Across Europe, the potential for kelp biomass to be used for conversion to biofuels has reignited interest in large-scale kelp harvesting. A realistic contribution to energy markets through bioethanol production may require more kelp than can be wild harvested from natural habitats, prompting efforts to develop methods of farming kelp. Mariculture of kelps is commonplace in Asia, particularly in China, where demand for seaweeds for human consumption is high. It is clear that intense kelp farming can impact local patterns of water movement and may cause organic enrichment of sediments and anoxia (Krumhansl and Scheibling 2012). However, many researchers are championing integrated aquaculture practices that utilize seaweeds as biofilters within multitrophic farming operations (Neori et al. 2004; Troell et al. 2009). In northwest Scotland, for example, cultivation of kelps and other seaweeds adjacent to salmon farms can generate significant yields of algal biomass while simultaneously removing waste nitrogen (Sanderson et al. 2012). However, the impacts of large-scale kelp cultivation in nonenriched systems are poorly known and may be detrimental.

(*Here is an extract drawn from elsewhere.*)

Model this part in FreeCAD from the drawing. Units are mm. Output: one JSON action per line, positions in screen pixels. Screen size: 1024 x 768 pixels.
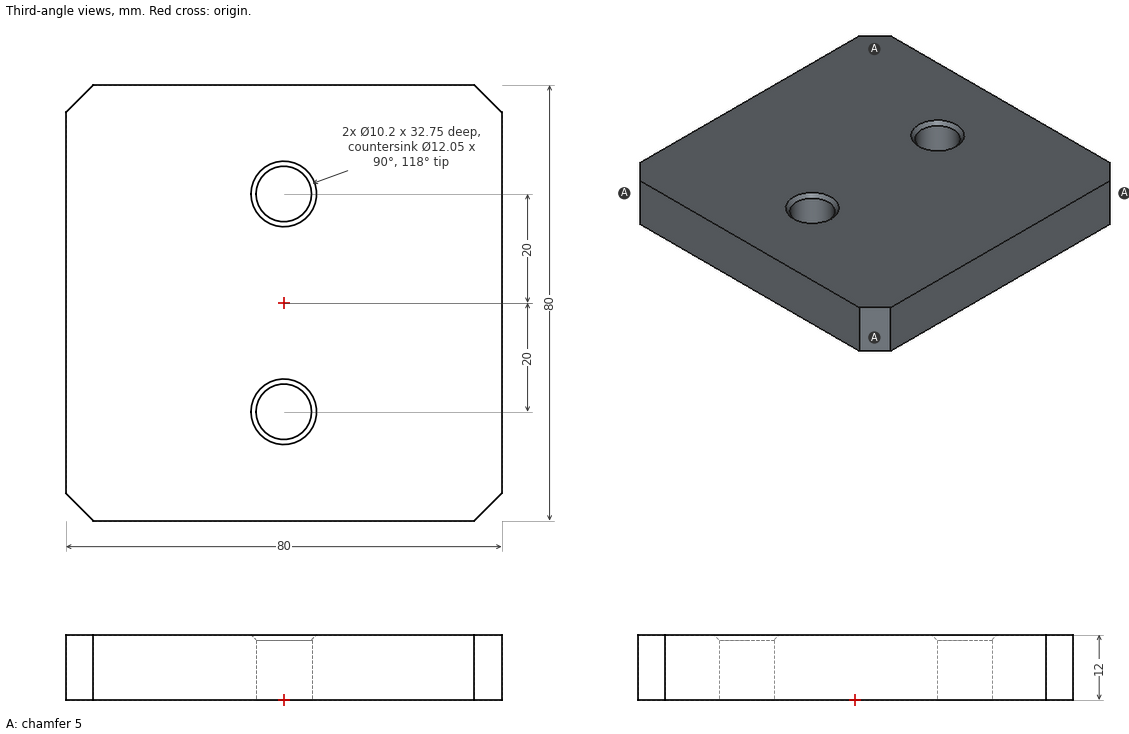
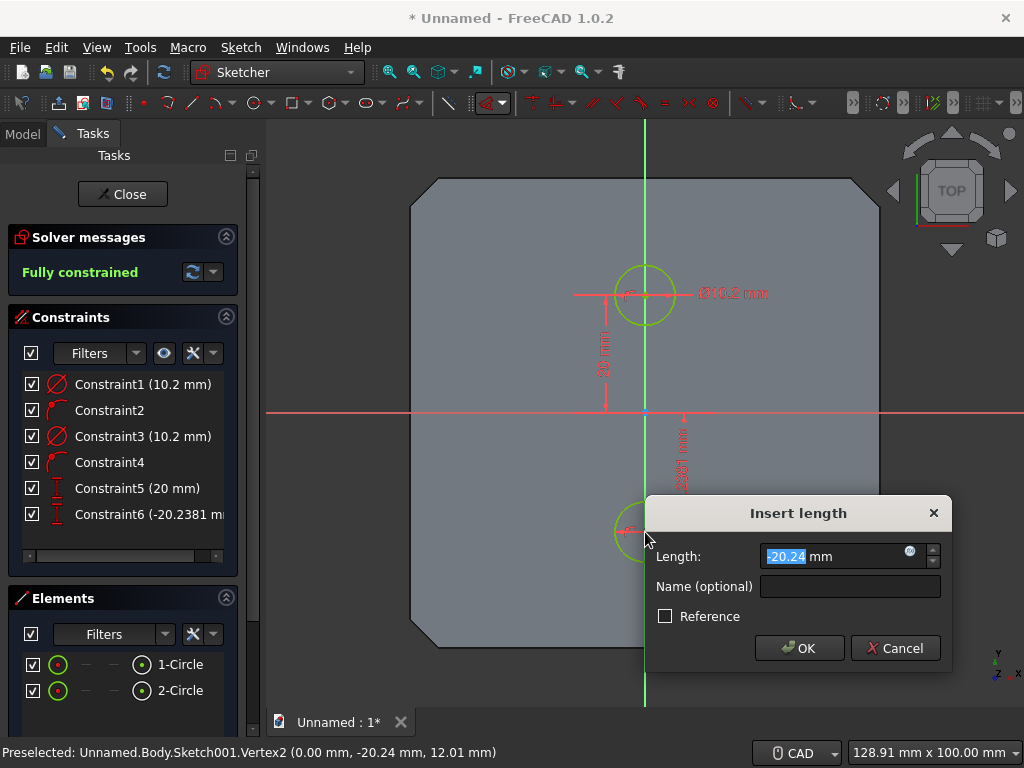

The Crown Estate recently commissioned an independent investigation into the wider ecological effects of proposed seaweed mariculture off the west coast of Scotland (Aldridge et al. 2012). Using ecosystem-based modeling approaches, the authors concluded that; the effects of the proposed farming activity on nutrient concentrations are expected to be ‘marginally significant’……and might become ‘certainly significant’……The observable effects of nutrient removal would be a lower nutrient concentration in the water, decreased productivity and energy fluxes through the pelagic system, decreased flux of organic material to the seabed, and subtle alteration to community structure. (Aldridge et al. 2012). It is beyond doubt that large-scale kelp production, through both wild harvesting and mariculture, has the potential to impact kelp populations, their associated benthic communities, and wider ecosystem structure and functioning. While it is recognized that a conservative ecosystem-based management approach is a prerequisite for achieving sustainable production, the baseline knowledge on the structure and functioning of kelp ecosystems at regional scales needed to underpin such an approach is currently lacking.